Objective To study the effect of different hypoxic stress methods in constructing high altitude pulmonary edema model.
Methods Sixty SD rats were randomly divided into 3 groups: control group (altitude 400m), hypoxic chamber group (simulated hypoxia stress at 6000m altitude for 48h), field hypoxia group (hypoxia stress at 4200m altitude for 28d); Group of 20. By detecting the dry-to-moisture ratio, morphological and pathophysiological characteristics, the expression of key genes aquaporin-1 (AQP-1) and vascular endothelial growth factor (VEGF) in the lung tissue of experimental rats, and The oxidative stress level was compared, and the effects of different hypoxic stress methods in constructing the SD rat model of high altitude pulmonary edema were compared.

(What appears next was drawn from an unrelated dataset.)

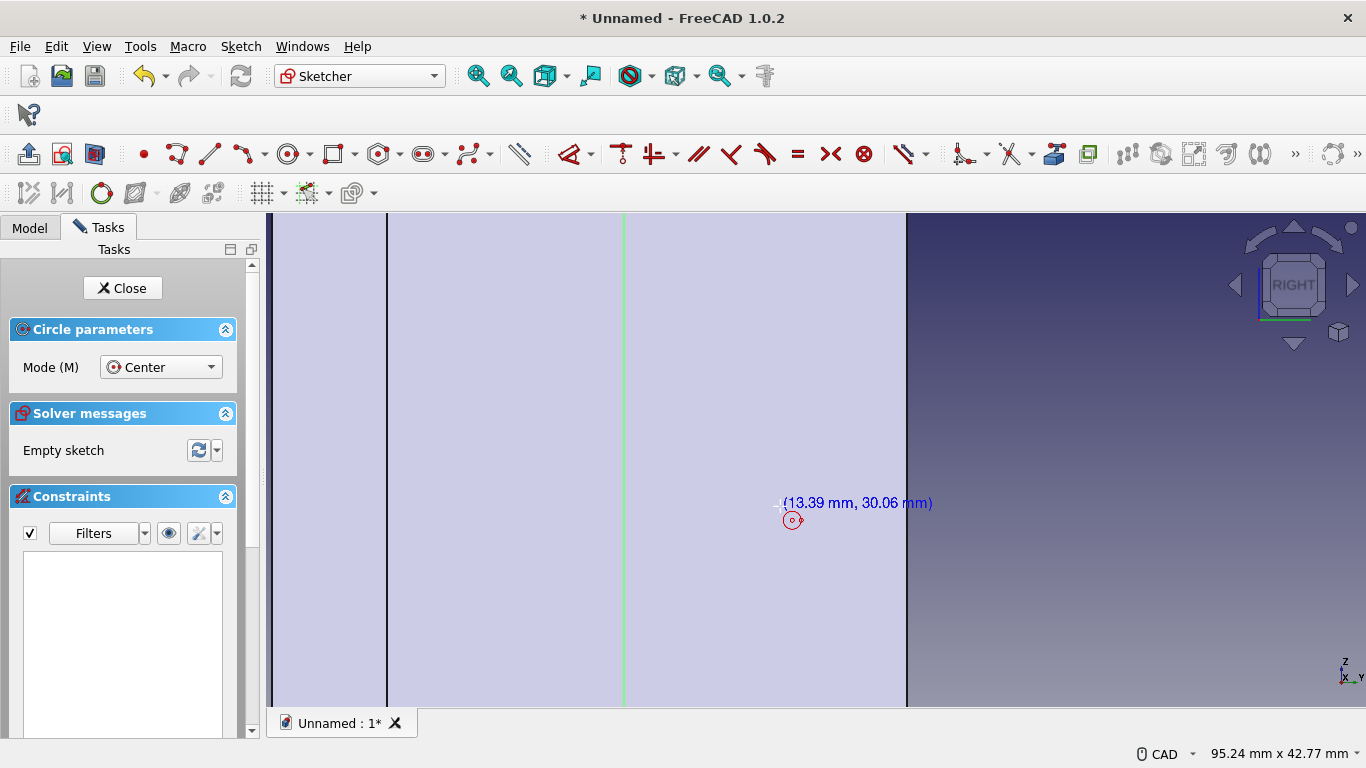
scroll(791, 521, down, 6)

Results Compared with the control group, the pulmonary arterial pressure and lung tissue water content of the rats in the hypobaric oxygen chamber group and the field hypoxia group were significantly increased (both P<0.01), while the oxygen partial pressure and oxygen saturation were significantly decreased (both P<0.01). <0.01). The morphology of the lung tissue in the control group showed normal structure under light microscope and electron microscope; the alveolar wall and the alveolar septum were obviously widened in the lung tissue of the hypobaric oxygen chamber group and the field hypoxia group under the light microscope, and a large number of red blood cells and inflammatory cells overflowed. And there was obvious edema in the alveolar septa. Compared with the control group, the levels of AQP-1 mRNA and protein in the lung tissue of the two experimental groups were significantly increased (both P<0.01), and the VEGF mRNA and protein levels were significantly lower than those of the control group (both P<0.01). The levels of glutathione peroxidase (GSH-Px) and superoxide dismutase (SOD) were significantly decreased, and the levels of malondialdehyde (MDA) were significantly increased.
Conclusion The hypoxic chamber simulated hypoxia stress at an altitude of 6000m for 48 hours, and the hypoxia stress at an altitude of 4200m for 28 days can effectively build the SD rat model of high altitude pulmonary edema. Among them, the use of the hypobaric oxygen chamber to build the SD rat high altitude pulmonary edema model is relatively more Advantage.